Infact, the complete semantics around mysql.* replication
should be re-thought but let's limit this issue to said problem
for now.
Solution:
--------
Avoid null updates as in update a = x where a = x;
Avoid writing such actions to binlogs.
This issue doesn't occur if the server-ids of galera-nodes
are same. Ideally this should be the case as galera cluster
is single atomic entity from bigger eco-system perspective
but still for some workaround issues user tend to set
unique-ids for each galera nodes.
---------------------------------------------------------------
There is still another left over issue to be fixed as part of
different tracking issue.
What happens when the event is created on node#1 before node#2 is
allowed to boot-up and both nodes has same server-id.
Existing logic will enable events on both the nodes.
So isn't it better to have different server-id for each node.
I would still say no given that galera is single atomic system.

commit fe9f72fccfd70ab75fe536e8363a8613f33f7eda
Author: Krunal Bauskar <krunal.bauskar@percona.com>
Date: Thu Dec 31 08:51:01 2015 +0530
PXC#492: PXC updates mysql.event table with same value which can break async
slave with replication filters
Issue:
To effectively understand the issue let's consider it using a topology.
galera cluster with 2 nodes (each node having unique server-id)
async slave that is replicating from one of the galera cluster
(async slave has replication filter configured to avoid replication
of events created on master)
Now let's say event is created on node#1 which is also acting as master.
This event is not replicated to slave due to replication filter
but replicated to galera-node#2 as per normal galera replication
protocol.
Suddenly node#1 goes-off and load balancer make node#2 as master
causing async slave to switch to new master.
Now for some reason if node#2 is restarted.

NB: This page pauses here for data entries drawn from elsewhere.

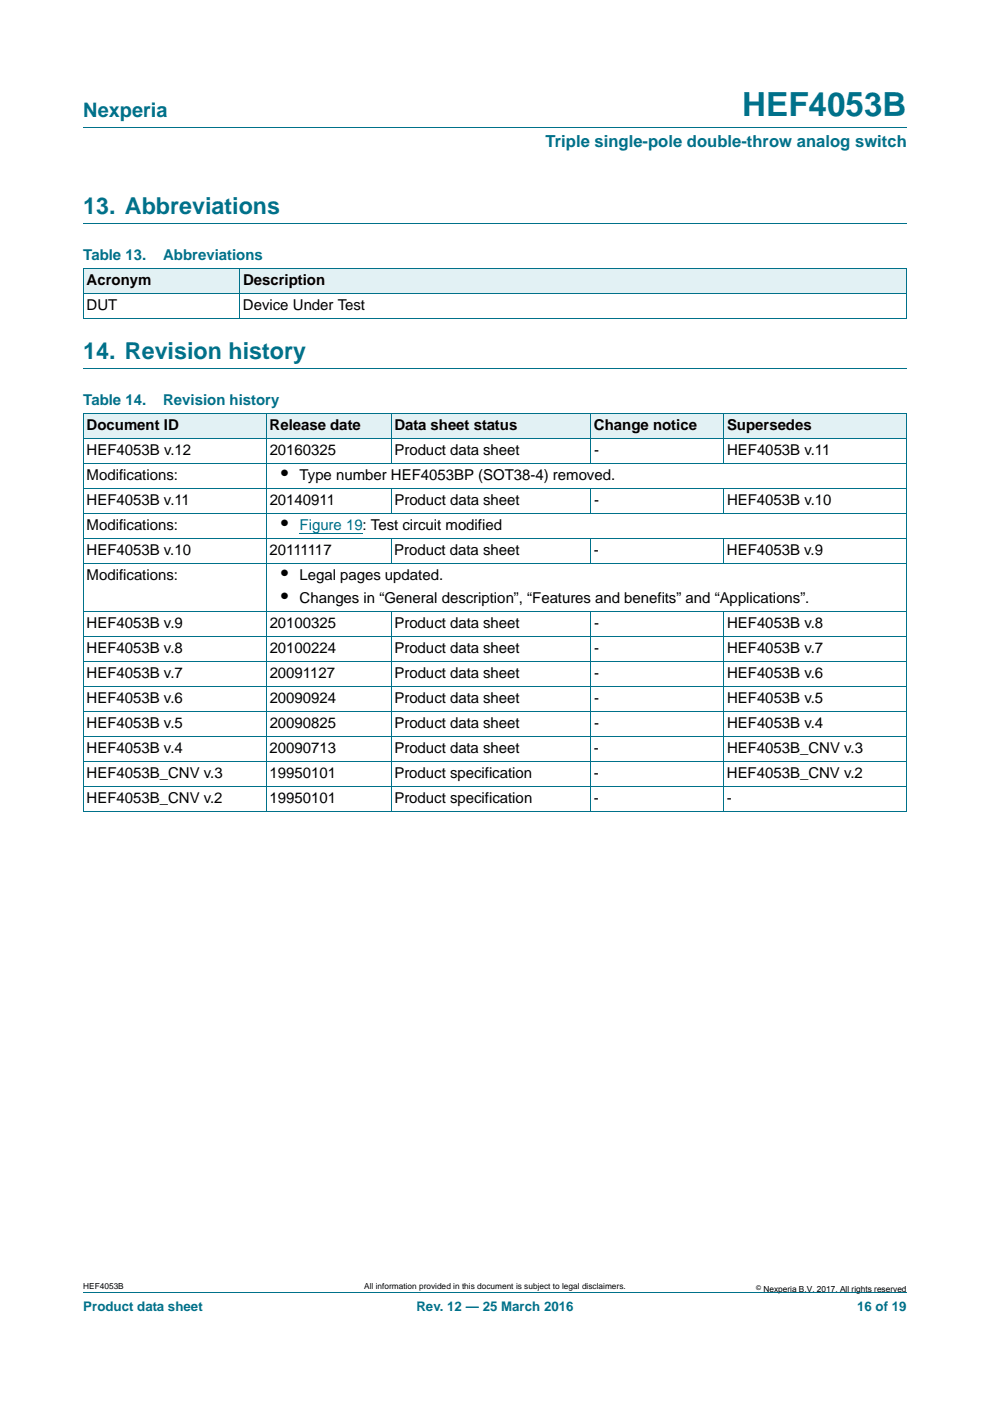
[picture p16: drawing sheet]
<svg xmlns="http://www.w3.org/2000/svg" width="210mm" height="297mm" viewBox="0 0 210 297" stroke-linecap="round" stroke-linejoin="round" font-family="sans-serif">
<defs><g id="words">
<text font-size="7" fill="#00718a" x="157.4" y="24.6">HEF4053B</text>
<g font-size="4.9" fill="#00718a">
<text x="17.7" y="45.4">13. Abbreviations</text>
<text x="17.7" y="76.1">14. Revision history</text>
</g>
<text font-size="4.2" fill="#00718a" x="17.7" y="24.9">Nexperia</text>
<g font-size="4.2">
<text x="59.6" y="101.8">•</text>
<text x="59.6" y="112.4">•</text>
<text x="59.6" y="122.9">•</text>
<text x="59.6" y="127.9">•</text>
</g>
<text font-size="3.5" fill="#00718a" x="115.7" y="31.1">Triple single-pole double-throw analog switch</text>
<g font-size="3.2" fill="#00718a">
<text x="17.7" y="55.2">Table 13.</text>
<text x="34.6" y="55.2">Abbreviations</text>
<text x="17.7" y="85.9">Table 14.</text>
<text x="34.6" y="85.9">Revision history</text>
</g>
<g font-size="3.2">
<text x="18.4" y="65.8">DUT</text>
<text x="18.4" y="60.5">Acronym</text>
<text x="51.5" y="65.8">Device Under Test</text>
<text x="51.5" y="60.5">Description</text>
<text x="18.4" y="91.2">Document ID</text>
<text x="57.2" y="91.2">Release date</text>
<text x="83.7" y="91.2">Data sheet status</text>
<text x="126" y="91.2">Change notice</text>
<text x="154.2" y="91.2">Supersedes</text>
<text x="18.4" y="96.5">HEF4053B v.12</text>
<text x="18.4" y="101.8">Modifications:</text>
<text x="57.2" y="96.5">20160325</text>
<text x="63.5" y="101.8">Type number HEF4053BP (SOT38-4) removed.</text>
<text x="83.7" y="96.5">Product data sheet</text>
<text x="126" y="96.5">-</text>
<text x="154.2" y="96.5">HEF4053B v.11</text>
<text x="18.4" y="107.1">HEF4053B v.11</text>
<text x="57.2" y="107.1">20140911</text>
<text x="83.7" y="107.1">Product data sheet</text>
<text x="126" y="107.1">-</text>
<text x="154.2" y="107.1">HEF4053B v.10</text>
<text x="18.4" y="112.4">Modifications:</text>
<text x="18.4" y="117.6">HEF4053B v.10</text>
<text x="57.2" y="117.6">20111117</text>
<text x="83.6" y="117.6">Product data sheet</text>
<text x="126" y="117.6">-</text>
<text x="154.2" y="117.6">HEF4053B v.9</text>
<text x="18.4" y="122.9">Modifications:</text>
<text x="63.5" y="122.9">Legal pages updated.</text>
<text x="63.5" y="127.9">Changes in “General description”, “Features and benefits” and “Applications”.</text>
<text x="18.4" y="133.2">HEF4053B v.9</text>
<text x="57.2" y="133.2">20100325</text>
<text x="83.7" y="133.2">Product data sheet</text>
<text x="126" y="133.2">-</text>
<text x="154.2" y="133.2">HEF4053B v.8</text>
<text x="18.4" y="138.5">HEF4053B v.8</text>
<text x="18.4" y="143.7">HEF4053B v.7</text>
<text x="57.2" y="138.5">20100224</text>
<text x="57.2" y="143.7">20091127</text>
<text x="83.7" y="143.7">Product data sheet</text>
<text x="83.7" y="138.5">Product data sheet</text>
<text x="126" y="138.5">-</text>
<text x="126" y="143.7">-</text>
<text x="154.2" y="138.5">HEF4053B v.7</text>
<text x="154.2" y="143.7">HEF4053B v.6</text>
<text x="18.4" y="149">HEF4053B v.6</text>
<text x="57.2" y="149">20090924</text>
<text x="83.7" y="149">Product data sheet</text>
<text x="126" y="149">-</text>
<text x="154.2" y="149">HEF4053B v.5</text>
<text x="18.4" y="154.4">HEF4053B v.5</text>
<text x="57.2" y="154.4">20090825</text>
<text x="83.7" y="154.4">Product data sheet</text>
<text x="126" y="154.4">-</text>
<text x="154.2" y="154.4">HEF4053B v.4</text>
<text x="18.4" y="159.6">HEF4053B v.4</text>
<text x="57.2" y="159.6">20090713</text>
<text x="83.7" y="159.6">Product data sheet</text>
<text x="126" y="159.6">-</text>
<text x="154.2" y="159.6">HEF4053B_CNV v.3</text>
<text x="18.4" y="164.9">HEF4053B_CNV v.3</text>
<text x="57.2" y="164.9">19950101</text>
<text x="83.7" y="164.9">Product specification</text>
<text x="126" y="164.9">-</text>
<text x="154.2" y="164.9">HEF4053B_CNV v.2</text>
<text x="18.4" y="170.2">HEF4053B_CNV v.2</text>
<text x="57.2" y="170.2">19950101</text>
<text x="83.6" y="170.2">Product specification</text>
<text x="126" y="170.2">-</text>
<text x="154.2" y="170.2">-</text>
</g>
<text font-size="3.2" fill="#00f" x="63.5" y="112.4">Figure 19: Test circuit modified</text>
<g font-size="2.8" fill="#00718a">
<text x="17.7" y="277.9">Product data sheet</text>
<text x="88.3" y="277.9">Rev. 12 — 25 March 2016</text>
<text x="181.8" y="277.9">16 of 19</text>
</g>
<g font-size="1.8">
<text x="17.7" y="273.3">HEF4053B</text>
<text x="77.2" y="273.3">All information provided in this document is subject to legal disclaimers.</text>
<text x="161.9" y="273.9">Nexperia B.V. 2017. All rights reserved</text>
</g>
<text font-size="1.4" x="160.4" y="273.4">©</text>
</g></defs>
<path d="M17.7 27h174.6M17.7 47.4h174.6M17.7 78.1h174.6M17.7 273.9h174.6" fill="none" stroke="#00718a" stroke-width=".21"/>
<g fill="#e2f1f4">
<path d="M17.7 57h33.1v5.3h-33.1z"/>
<path d="M50.8 57h141.5v5.3h-141.5z"/>
<path d="M17.7 87.7h38.8v5.2h-38.8z"/>
<path d="M56.5 87.7h26.4v5.2h-26.4z"/>
<path d="M82.9 87.7h42.4v5.2h-42.4z"/>
<path d="M125.3 87.7h28.2v5.2h-28.2z"/>
<path d="M153.5 87.7h38.8v5.2h-38.8z"/>
</g>
<path d="M63.5 113.1h13.4" fill="none" stroke="#00f" stroke-width=".21"/>
<g fill="none" stroke="#00718a" stroke-width=".21">
<path d="M17.6 57h174.7M17.7 57v10.5M50.8 56.9v10.7M192.3 57v10.5M17.6 62.3h174.7M17.6 67.6h174.7M17.6 87.7h174.7M17.6 93h174.7M17.6 98.2h174.7M17.7 87.7v84.2M56.5 87.6v84.4M82.9 87.6v10.7"/>
<path d="M125.3 87.6v10.7M153.5 87.6v10.7M192.3 87.7v84.2M17.6 103.5h174.7M17.6 108.8h174.7M17.6 114.1h174.7M17.6 119.4h174.7M82.9 103.5v5.4M82.9 114.1v5.3M125.3 103.5v5.4M125.3 114.1v5.3M153.5 103.5v5.4"/>
<path d="M153.5 114.1v5.3M17.6 129.7h174.7M17.6 134.9h174.7M82.9 129.6v42.4M125.3 129.6v42.4M153.5 129.6v42.4M17.6 140.2h174.7M17.6 145.5h174.7M17.6 150.8h174.7M17.6 156.1h174.7M17.6 161.4h174.7M17.6 166.7h174.7"/>
<path d="M17.6 172h174.7"/>
</g>
<use href="#words"/>
</svg>

On restart node#2 will
try to read events from its local event table which already have
status = SLAVESIDE_DISABLED.
Due to bug in code this status was re-updated to same status but this
action also generate an UPDATE bin-log statement which is then replicated
to an async slave but async slave doesn't have this event table
entry so replication fails.
What are the issues ?
a. re-updating status to same value is redundant action and should
be avoided.
b. Even if action is allowed it shouldn't generate binlog.
Infact, the complete semantics around mysql.* replication
should be re-thought but let's limit this issue to said problem
for now.
Solution:
--------
Avoid null updates as in update a = x where a = x;
Avoid writing such actions to binlogs.
This issue doesn't occur if the server-ids of galera-nodes
are same. Ideally this should be the case as galera cluster
is single atomic entity from bigger eco-system perspective
but still for some workaround issues user tend to set
unique-ids for each galera nodes.
---------------------------------------------------------------
There is still another left over issue to be fixed as part of
different tracking issue.
What happens when the event is created on node#1 before node#2 is
allowed to boot-up and both nodes has same server-id.
Existing logic will enable events on both the nodes.
So isn't it better to have different server-id for each node.
I would still say no given that galera is single atomic system.